DIRECTIONS FOR THIS TASK: I need every line that includes the word "where" copied from the material.

━━━━━ THE DATA ━━━━━

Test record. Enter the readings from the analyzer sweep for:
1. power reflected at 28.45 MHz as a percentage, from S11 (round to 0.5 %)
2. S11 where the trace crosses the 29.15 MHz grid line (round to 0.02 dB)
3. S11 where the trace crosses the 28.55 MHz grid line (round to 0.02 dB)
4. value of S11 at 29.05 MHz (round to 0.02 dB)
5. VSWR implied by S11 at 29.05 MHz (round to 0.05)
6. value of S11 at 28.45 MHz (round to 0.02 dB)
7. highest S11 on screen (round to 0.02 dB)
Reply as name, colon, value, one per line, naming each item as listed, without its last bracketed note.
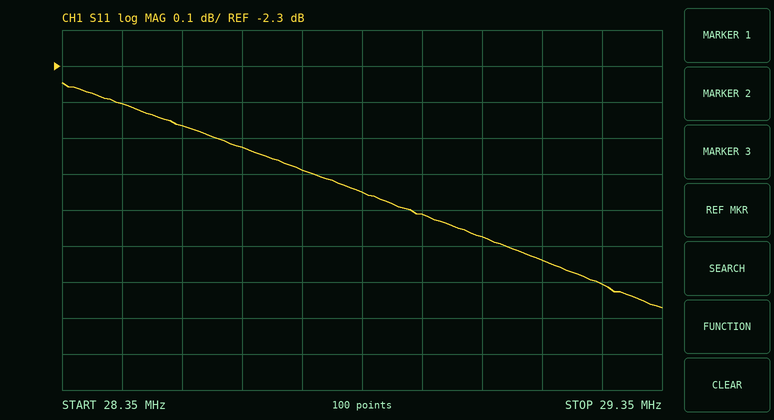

━━━━━

RESULT:
2. S11 where the trace crosses the 29.15 MHz grid line (round to 0.02 dB)
3. S11 where the trace crosses the 28.55 MHz grid line (round to 0.02 dB)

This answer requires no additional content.